Naive T cell purification

This was performed as previously reported 9, 10. Briefly, inguinal, axillary, brachial, cervical, and mesenteric lymph nodes (LNs) were harvested from WT OT-I or IL-12RKO OT-I mice, pooled, and disrupted to obtain a single cell suspension. Cells were incubated with FITC-labeled antibodies specific for CD4, B220, I-Ab, and CD44. Anti-FITC magnetic MicroBeads (Miltenyi Biotech, Auburn CA) were then added and the suspension passed through separation columns attached to a MACS magnet. Cells that did not bind were collected with a purity >95% CD8+ cells and <0.5% CD44hi cells.

Adoptive transfer and flow cytometric analysis

This is the same as we previously reported 9, 10. Purified OT-I cells were adoptively transferred into normal C57BL/6NCr mice by i.v. (tail vein) injection at 105 cells/mouse and OT-I cells were identified as CD8+CD45.2+ cells. Blood samples were drawn at indicated times, and the analysis of memory CTLs was based on samples from blood and/or tissues. Single cell suspensions were prepared, viable cell counts were performed (trypan blue) and the percentage of OT-I cells in the sample was determined by flow cytometry. Background for determining OT-I cell numbers was determined by identical staining of cells from normal C57BL/6 mice (no adoptive transfer). Analysis was done using a FACSCalibur™ flow cytometer and CELLQuest™ software (BD Biosciences) to determine the percentage and total OT-I cells in the samples. Flowjo software (Tree Star Inc. Ashland, OR) was used for data analysis.

Tissue harvest and digestion

Mice were euthanized by CO2 and peripheral lymph nodes and spleens were directly picked up and homogenized using 15 ml glass grinders. Lungs were perfused using 1× PBS at about 30 ml per mouse, cut into small pieces (1 mm3), homogenized with a 10 ml pipette and resuspended in 4 ml Collagenase D (Roche, Indianapolis, IN).
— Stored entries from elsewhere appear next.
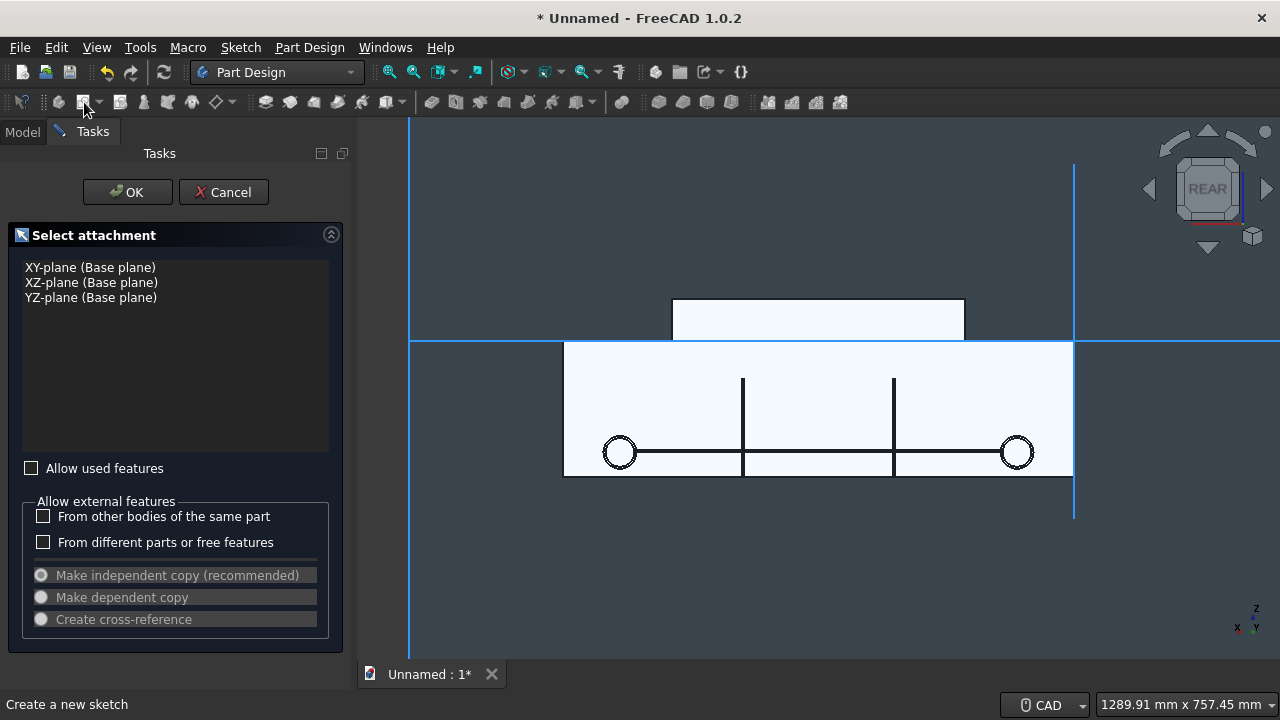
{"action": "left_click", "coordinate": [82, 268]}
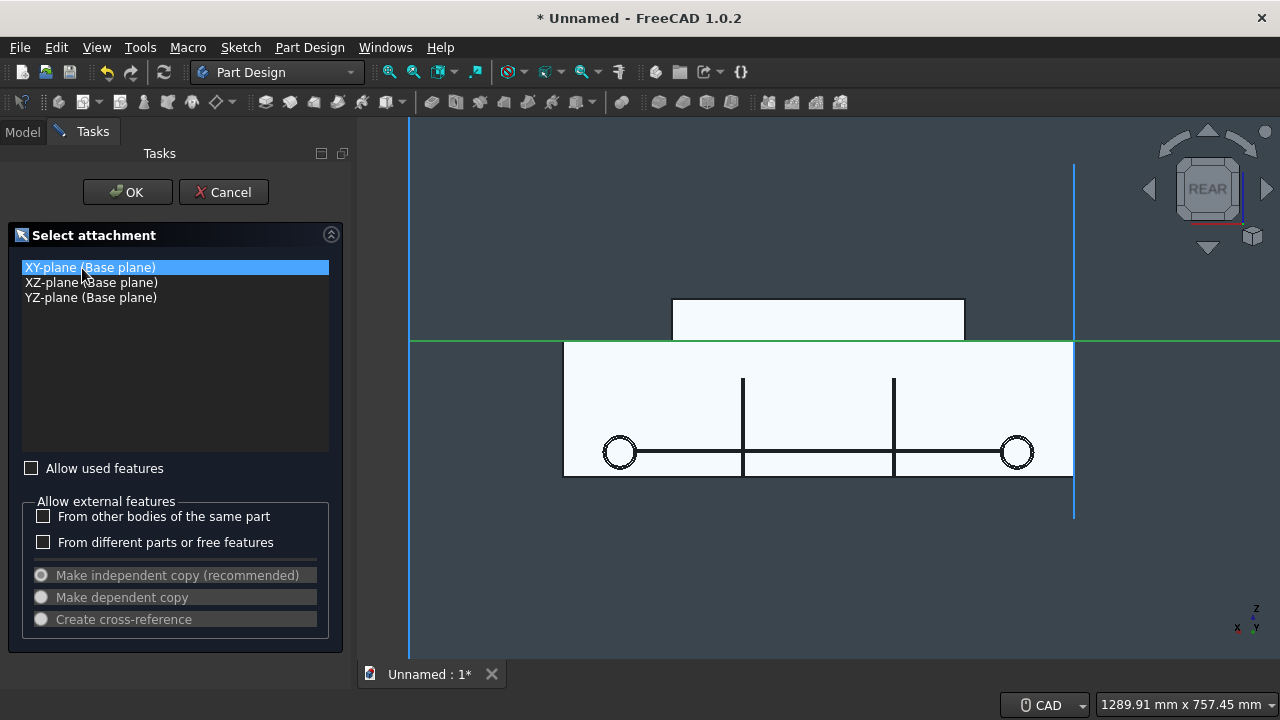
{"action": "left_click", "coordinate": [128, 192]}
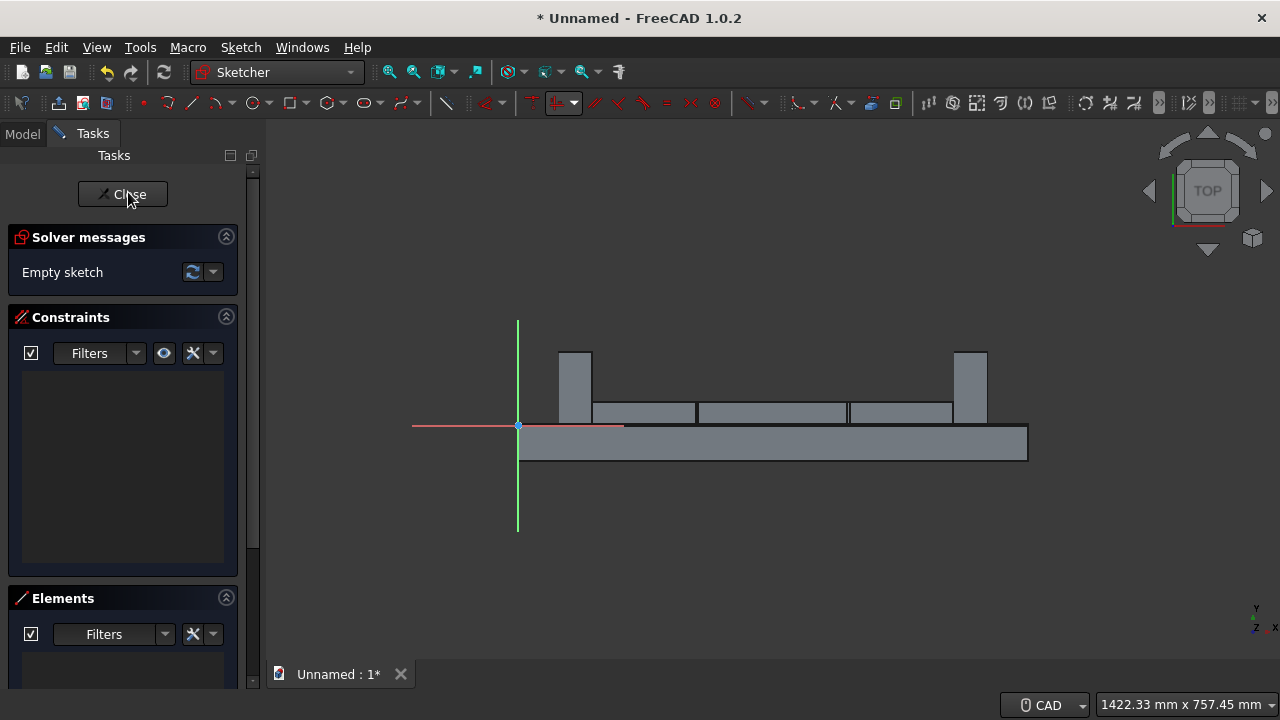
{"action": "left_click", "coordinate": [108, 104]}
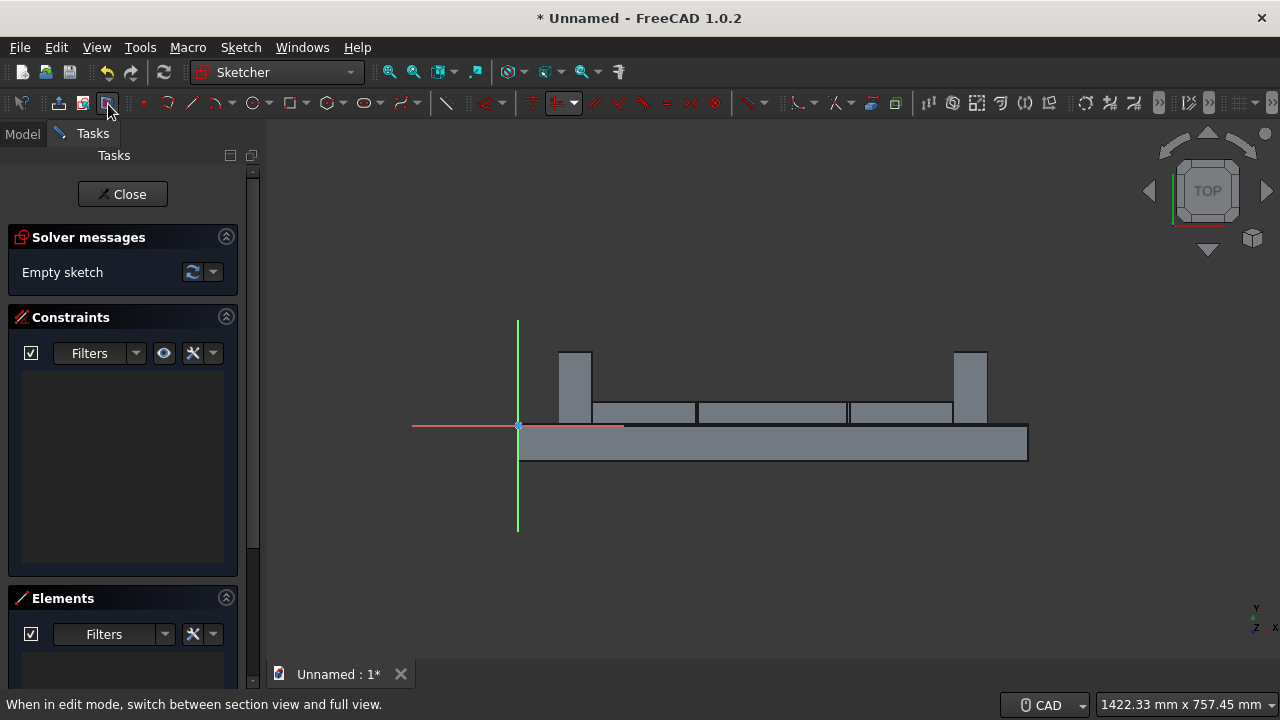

For complete digestion, lung tissues were kept in a water bath (37 °C) for 25 min. Digestion was stopped by the addition of 0.1 M EDTA, and digested tissues were homogenized using glass grinders. Bone marrow was harvested by flushing cut bones with 1× PBS.

Intracellular cytokine staining after in vitro stimulation

Single cell suspension from adoptively transferred mice was incubated at 2 × 106 cells/ml in RP-10 with 0.2 µM OVA257–264 peptide and 1 µl Brefeldin A (Biolegend) for 3.5 hrs at 37°C 9, 10. Cells were fixed in fixing buffer (Biolegend) for 15 min at 4°C, permeablized in Saponin-containing Perm/Wash buffer (Biolegend) for another 15 min at 4°C, and stained with PE-conjugated antibody to IFNγ or APC-conjugated antibody to TNFα for 30 min at 4°C. Cells were then washed once with Perm/Wash buffer, and once with PBS containing 2% FBS.

Statistical analysis

Data was graphed and analyzed using a two-tailed Student's t test or Two-way ANOVA (GraphPad Prism 5.0 software. La Jolla, CA) 9, 10. Comparisons with a P value of <0.05 were considered significantly different.

Supplementary Material

1

Acknowledgements

We thank Drs. MF Mescher and SC Jameson from the University of Minnesota for providing reagents. The authors have declared that no competing interests exist. This work was supported by National Institutes of Health Grants R21AI095715A (to X. Z.) and Startup from UMD (to X. Z.).

Footnotes

Conflict of Interest

All other authors declare no financial or commercial conflict of interest.